Sadly, std.array is determined to decode (i.e. convert to dchar[]) all your 
strings when they are used as ranges. This means that all algorithms on strings 
will be crippled as far as performance goes.

http://dlang.org/glossary.html#narrow strings

Very, very few operations on strings need decoding. The decoding should have 
gone into a separate layer.

Nov 28 2013

"Jakob Ovrum" <jakobovrum gmail.com> writes:

On Thursday, 28 November 2013 at 09:02:12 UTC, Walter Bright 
wrote:
 Sadly, std.array is determined to decode (i.e. convert to 
 dchar[]) all your strings when they are used as ranges.
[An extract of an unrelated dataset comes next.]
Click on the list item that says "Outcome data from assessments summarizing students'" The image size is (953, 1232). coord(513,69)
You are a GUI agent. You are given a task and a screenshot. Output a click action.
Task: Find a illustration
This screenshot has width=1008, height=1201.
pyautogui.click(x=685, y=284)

This 
 means that all algorithms on strings will be crippled as far as 
 performance goes.

 http://dlang.org/glossary.html#narrow strings

 Very, very few operations on strings need decoding. The 
 decoding should have gone into a separate layer.
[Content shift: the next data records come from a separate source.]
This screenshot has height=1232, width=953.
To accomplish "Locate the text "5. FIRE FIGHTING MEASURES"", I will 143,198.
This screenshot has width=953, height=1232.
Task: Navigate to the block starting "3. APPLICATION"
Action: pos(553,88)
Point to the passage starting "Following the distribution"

Decoding by default means that algorithms can work reasonably 
with strings without being designed specifically for strings. The 
algorithms can then later be specialized for narrow strings, 
which I believe is happening for a few algorithms in 
std.algorithm like substring search.

Decoding is still available as a separate layer through std.utf, 
when more control over decoding is required.

Nov 28 2013

"bearophile" <bearophileHUGS lycos.com> writes:

Walter Bright:

 This means that all algorithms on strings will be crippled
 as far as performance goes.

If you want to sort an array of chars you need to use a dchar[], 
or code like this:

char[] word = "just a test".dup;
auto sword = cast(char[])word.representation.sort().release;

See:
http://d.puremagic.com/issues/show_bug.cgi?id=10162

Bye,
bearophile

Nov 28 2013

"monarch_dodra" <monarchdodra gmail.com> writes:

On Thursday, 28 November 2013 at 09:02:12 UTC, Walter Bright
wrote:
 Sadly,

I think it's great. It means by default, your strings will always
be handled correctly. I think there's quite a few algorithms that
were written without ever taking strings into account, but still
happen to work with them.

 std.array is determined to decode (i.e. convert to dchar[]) all 
 your strings when they are used as ranges.
 This means that all algorithms on
 strings will be crippled as far as performance goes.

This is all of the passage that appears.